[SUPPLIED ENTRIES Boundary: Start]
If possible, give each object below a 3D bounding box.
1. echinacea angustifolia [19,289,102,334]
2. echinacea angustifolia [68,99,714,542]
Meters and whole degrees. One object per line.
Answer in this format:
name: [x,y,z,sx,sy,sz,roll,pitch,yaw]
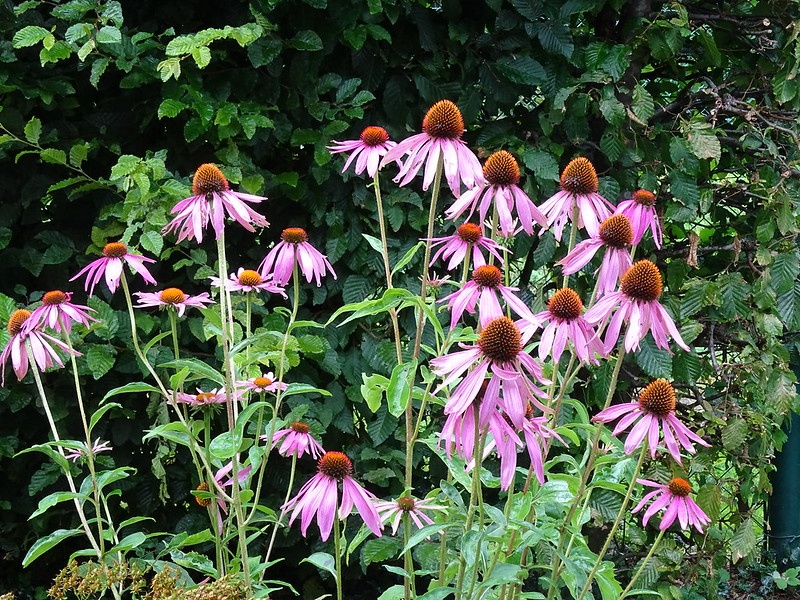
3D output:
echinacea angustifolia: [-1.266,0.021,3.794,0.221,0.121,0.258,-4,15,-3]
echinacea angustifolia: [0.085,0.122,3.862,1.303,1.366,1.487,3,17,-7]
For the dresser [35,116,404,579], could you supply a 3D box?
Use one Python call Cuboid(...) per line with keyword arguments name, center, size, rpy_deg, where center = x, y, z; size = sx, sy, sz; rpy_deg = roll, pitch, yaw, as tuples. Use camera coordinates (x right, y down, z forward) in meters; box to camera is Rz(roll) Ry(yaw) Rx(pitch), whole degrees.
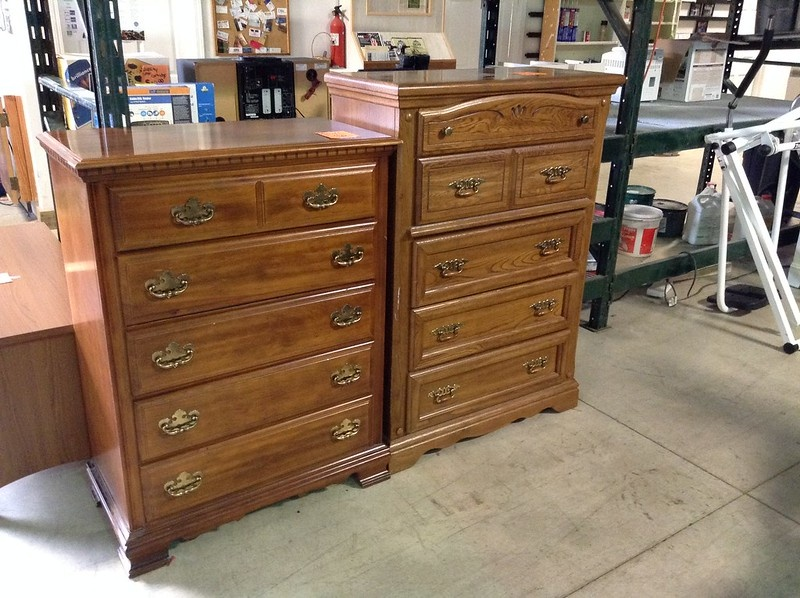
Cuboid(name="dresser", center=(-0.587, 0.124, 2.041), size=(1.211, 1.370, 0.637), rpy_deg=(-17, 33, -27))
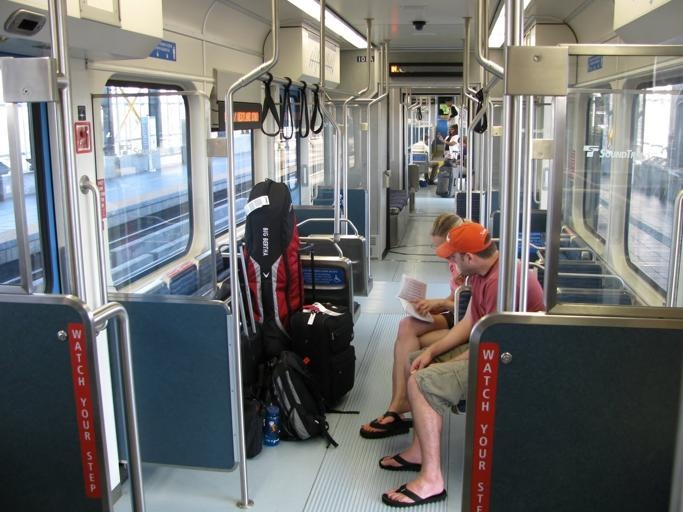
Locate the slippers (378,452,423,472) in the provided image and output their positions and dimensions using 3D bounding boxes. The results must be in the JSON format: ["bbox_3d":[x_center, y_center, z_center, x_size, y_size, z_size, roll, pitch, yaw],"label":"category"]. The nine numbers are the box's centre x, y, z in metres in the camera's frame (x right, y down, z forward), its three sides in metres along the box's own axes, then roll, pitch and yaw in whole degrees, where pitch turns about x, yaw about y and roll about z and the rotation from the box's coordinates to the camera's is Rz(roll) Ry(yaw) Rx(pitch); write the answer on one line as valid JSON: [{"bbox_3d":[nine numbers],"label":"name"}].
[{"bbox_3d":[0.446,1.509,3.865,0.311,0.089,0.120,5,11,3],"label":"slippers"}]

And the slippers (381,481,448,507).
[{"bbox_3d":[0.488,1.583,3.518,0.340,0.097,0.161,1,3,-6],"label":"slippers"}]

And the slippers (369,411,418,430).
[{"bbox_3d":[0.430,1.352,4.363,0.401,0.143,0.149,1,1,-9],"label":"slippers"}]

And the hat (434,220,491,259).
[{"bbox_3d":[0.871,-0.136,3.761,0.392,0.216,0.277,-8,15,17],"label":"hat"}]

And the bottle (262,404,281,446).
[{"bbox_3d":[-0.580,1.388,4.232,0.155,0.279,0.132,1,-1,-8],"label":"bottle"}]

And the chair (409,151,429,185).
[{"bbox_3d":[3.427,-3.865,22.730,1.120,1.197,0.677,0,19,13],"label":"chair"}]

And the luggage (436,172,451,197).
[{"bbox_3d":[3.465,-2.389,17.305,0.367,0.871,0.752,-4,14,-13],"label":"luggage"}]

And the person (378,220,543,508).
[{"bbox_3d":[0.746,0.727,3.602,0.997,1.798,1.073,10,17,40],"label":"person"}]

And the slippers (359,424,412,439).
[{"bbox_3d":[0.361,1.427,4.354,0.363,0.145,0.135,1,1,-9],"label":"slippers"}]

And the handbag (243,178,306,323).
[{"bbox_3d":[-0.635,-0.036,4.802,0.531,1.288,0.466,-3,13,-6],"label":"handbag"}]

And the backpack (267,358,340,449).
[{"bbox_3d":[-0.357,1.147,4.308,0.241,0.712,0.507,-18,3,-16],"label":"backpack"}]

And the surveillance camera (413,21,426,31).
[{"bbox_3d":[1.172,-3.494,7.837,0.163,0.130,0.163,-1,10,-3],"label":"surveillance camera"}]
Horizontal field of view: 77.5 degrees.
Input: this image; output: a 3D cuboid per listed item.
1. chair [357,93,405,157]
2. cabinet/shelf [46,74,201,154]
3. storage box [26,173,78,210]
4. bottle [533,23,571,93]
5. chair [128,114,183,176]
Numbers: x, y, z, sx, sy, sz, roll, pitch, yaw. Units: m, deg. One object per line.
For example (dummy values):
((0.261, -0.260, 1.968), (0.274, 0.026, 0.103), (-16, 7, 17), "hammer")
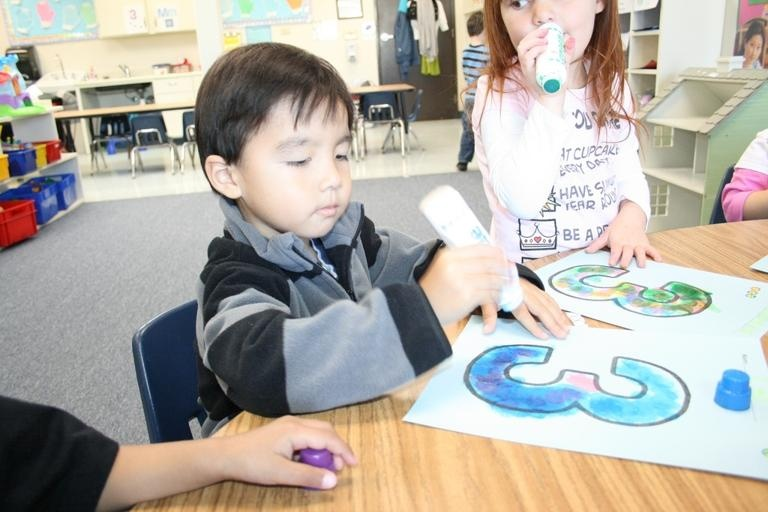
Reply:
((-0.054, -1.797, 6.426), (0.522, 0.921, 0.625), (-5, 26, -3), "chair")
((-3.679, -2.021, 6.780), (2.342, 0.581, 1.589), (-2, 39, 2), "cabinet/shelf")
((-3.100, -0.625, 4.637), (0.420, 0.312, 0.319), (2, 14, 7), "storage box")
((0.352, -0.401, 1.042), (0.056, 0.051, 0.135), (5, 44, 4), "bottle")
((-2.951, -1.434, 6.117), (0.482, 0.741, 0.534), (-10, 23, -24), "chair")
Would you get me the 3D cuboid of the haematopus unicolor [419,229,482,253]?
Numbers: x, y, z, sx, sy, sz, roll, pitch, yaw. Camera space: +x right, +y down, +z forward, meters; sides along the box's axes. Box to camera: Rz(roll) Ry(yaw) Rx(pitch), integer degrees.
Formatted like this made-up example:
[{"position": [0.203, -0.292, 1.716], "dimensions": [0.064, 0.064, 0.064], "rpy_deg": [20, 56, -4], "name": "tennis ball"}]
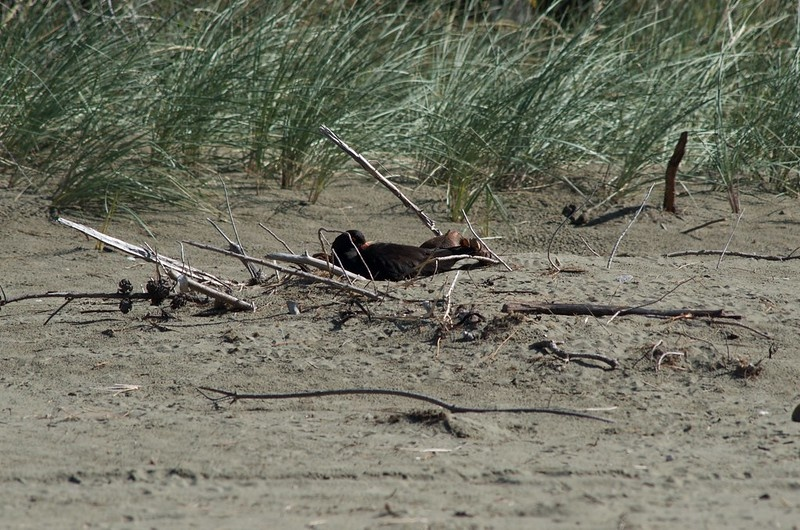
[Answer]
[{"position": [0.413, -0.182, 8.098], "dimensions": [0.546, 0.195, 0.167], "rpy_deg": [-8, 2, 23], "name": "haematopus unicolor"}]
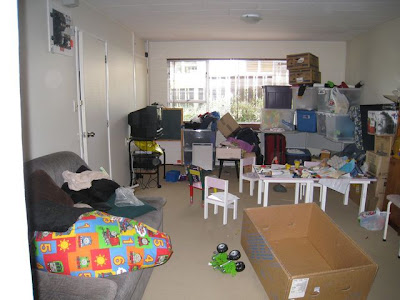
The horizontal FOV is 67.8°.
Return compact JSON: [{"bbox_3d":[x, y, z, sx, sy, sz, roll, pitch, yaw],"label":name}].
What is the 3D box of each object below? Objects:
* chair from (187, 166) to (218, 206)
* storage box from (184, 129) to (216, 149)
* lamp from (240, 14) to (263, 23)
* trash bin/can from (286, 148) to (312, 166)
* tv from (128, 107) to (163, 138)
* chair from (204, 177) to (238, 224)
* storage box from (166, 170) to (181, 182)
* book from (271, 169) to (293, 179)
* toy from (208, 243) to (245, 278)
[{"bbox_3d":[0.043,0.475,4.224,0.349,0.553,0.398,5,14,27],"label":"chair"},{"bbox_3d":[0.032,-0.195,6.335,0.716,0.470,0.412,-1,-5,11],"label":"storage box"},{"bbox_3d":[0.794,-2.017,4.561,0.329,0.067,0.242,-8,11,-37],"label":"lamp"},{"bbox_3d":[1.917,0.151,5.755,0.454,0.287,0.608,2,9,17],"label":"trash bin/can"},{"bbox_3d":[-0.877,-0.495,5.190,0.924,0.516,0.913,-2,5,-16],"label":"tv"},{"bbox_3d":[0.281,0.617,3.835,0.427,0.545,0.371,5,9,23],"label":"chair"},{"bbox_3d":[-0.499,0.469,5.488,0.220,0.154,0.217,1,8,10],"label":"storage box"},{"bbox_3d":[1.057,0.312,3.808,0.259,0.053,0.272,1,9,14],"label":"book"},{"bbox_3d":[0.234,1.033,2.898,0.268,0.081,0.299,28,29,37],"label":"toy"}]
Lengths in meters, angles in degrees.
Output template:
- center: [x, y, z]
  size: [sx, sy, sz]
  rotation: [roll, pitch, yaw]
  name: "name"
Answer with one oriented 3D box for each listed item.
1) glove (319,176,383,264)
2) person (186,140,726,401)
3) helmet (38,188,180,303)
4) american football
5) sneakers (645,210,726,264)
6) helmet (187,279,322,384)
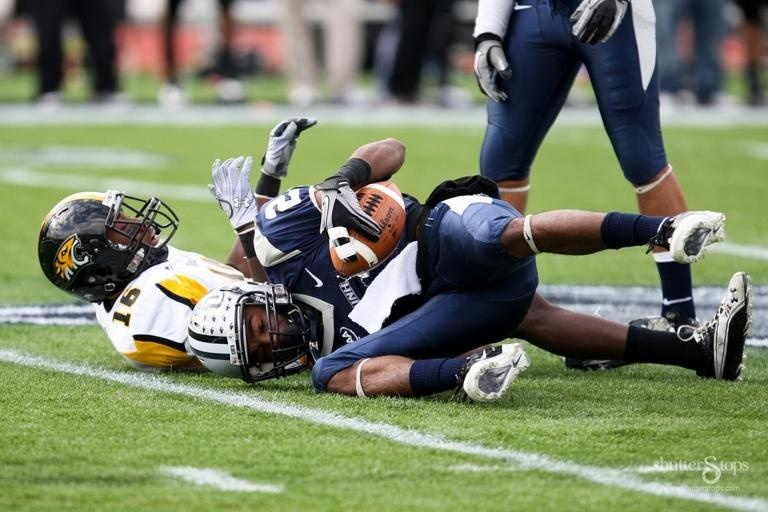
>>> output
- center: [-0.168, -0.181, 4.082]
  size: [0.255, 0.341, 0.166]
  rotation: [-23, -23, 19]
  name: "glove"
- center: [0.264, 0.082, 4.239]
  size: [2.346, 1.092, 0.720]
  rotation: [3, 14, 14]
  name: "person"
- center: [-1.288, -0.131, 4.617]
  size: [0.666, 0.441, 0.486]
  rotation: [-14, 10, 1]
  name: "helmet"
- center: [-0.103, -0.143, 4.209]
  size: [0.295, 0.461, 0.282]
  rotation: [-20, -30, -2]
  name: "american football"
- center: [1.235, -0.104, 3.806]
  size: [0.273, 0.178, 0.118]
  rotation: [7, 18, -14]
  name: "sneakers"
- center: [-0.607, 0.344, 4.227]
  size: [0.545, 0.425, 0.405]
  rotation: [0, -4, 13]
  name: "helmet"
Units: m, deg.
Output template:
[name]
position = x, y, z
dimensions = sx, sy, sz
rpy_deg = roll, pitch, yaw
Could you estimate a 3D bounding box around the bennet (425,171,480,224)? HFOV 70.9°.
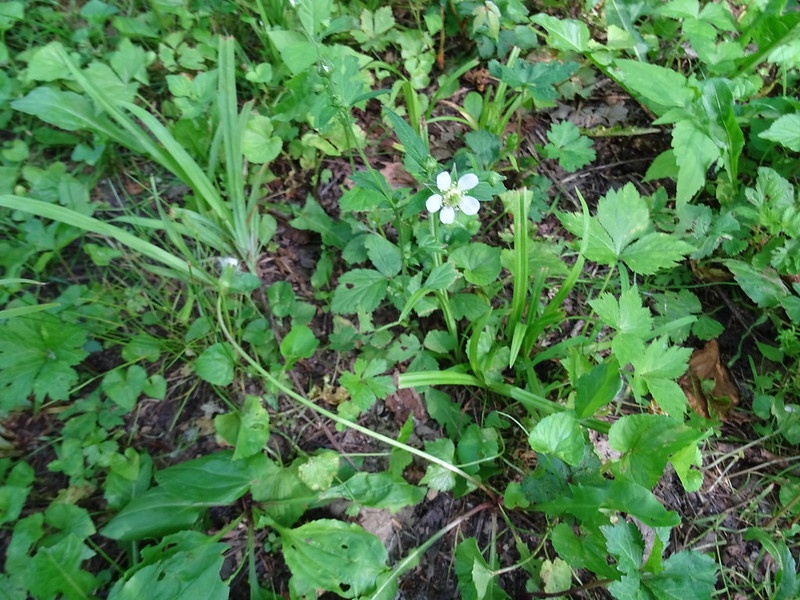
[bennet]
position = 0.188, -0.391, 2.094
dimensions = 0.190, 0.196, 0.080
rpy_deg = 28, 24, -15
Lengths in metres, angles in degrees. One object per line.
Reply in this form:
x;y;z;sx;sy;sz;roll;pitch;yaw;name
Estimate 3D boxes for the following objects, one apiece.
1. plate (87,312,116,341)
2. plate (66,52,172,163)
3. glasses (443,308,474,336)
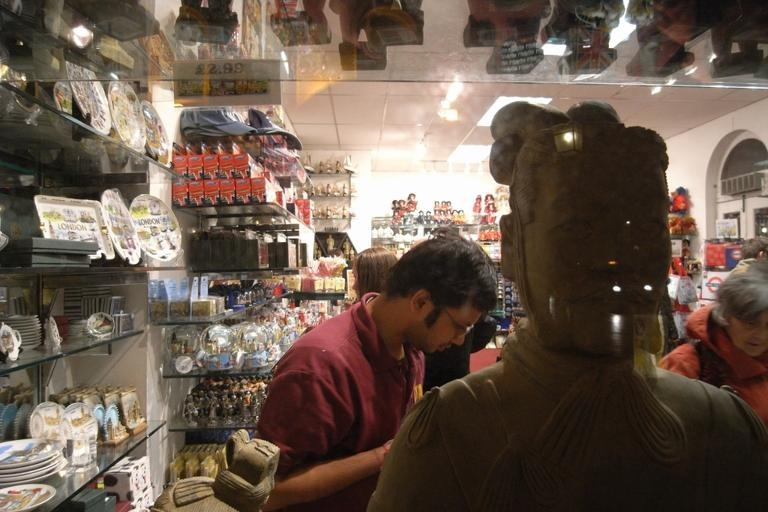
-1.239;0.307;2.475;0.085;0.098;0.107;8;7;7;plate
-1.096;-0.592;2.437;0.087;0.301;0.398;-14;-15;16;plate
0.215;0.193;1.639;0.025;0.086;0.082;-28;-20;26;glasses
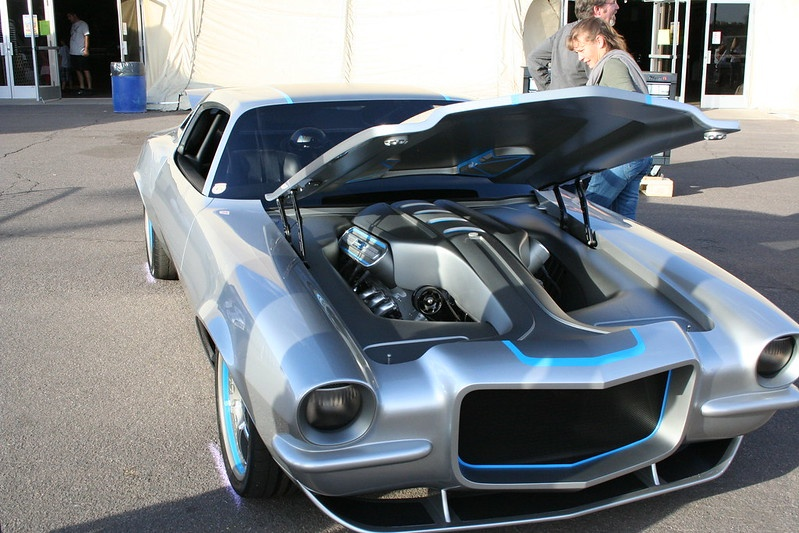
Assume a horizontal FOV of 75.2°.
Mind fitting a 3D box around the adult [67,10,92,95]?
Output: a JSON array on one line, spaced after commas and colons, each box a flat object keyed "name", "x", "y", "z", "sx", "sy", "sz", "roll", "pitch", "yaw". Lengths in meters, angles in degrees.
[{"name": "adult", "x": -11.321, "y": -7.584, "z": 18.313, "sx": 0.975, "sy": 2.849, "sz": 0.704, "roll": 5, "pitch": 10, "yaw": 18}]

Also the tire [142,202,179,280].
[{"name": "tire", "x": -1.840, "y": -0.184, "z": 4.020, "sx": 0.164, "sy": 0.496, "sz": 0.487, "roll": -12, "pitch": 47, "yaw": -28}]

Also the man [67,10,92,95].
[{"name": "man", "x": -11.344, "y": -7.427, "z": 18.472, "sx": 0.629, "sy": 2.443, "sz": 1.838, "roll": -10, "pitch": 21, "yaw": -31}]

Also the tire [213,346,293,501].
[{"name": "tire", "x": -0.619, "y": 0.686, "z": 2.241, "sx": 0.207, "sy": 0.590, "sz": 0.583, "roll": -8, "pitch": -22, "yaw": -28}]

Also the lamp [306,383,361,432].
[{"name": "lamp", "x": -0.251, "y": 0.549, "z": 2.049, "sx": 0.219, "sy": 0.273, "sz": 0.057, "roll": -6, "pitch": 58, "yaw": 5}]
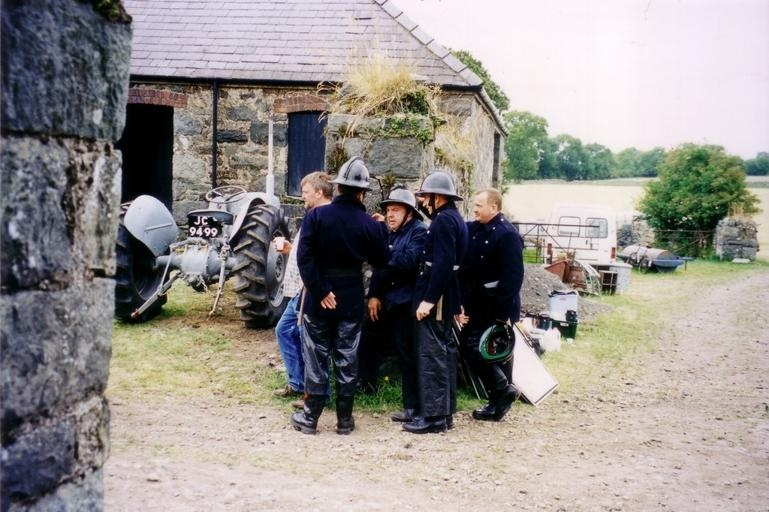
[SUPPLIED ENTRIES Boundary: End]
Where does "below" appear in the listing? Show every line that has it.

COMPLETED EXERCISE =
If possible, give each object below a 3D bounding box.
What is the 3D box of each object below? Objects:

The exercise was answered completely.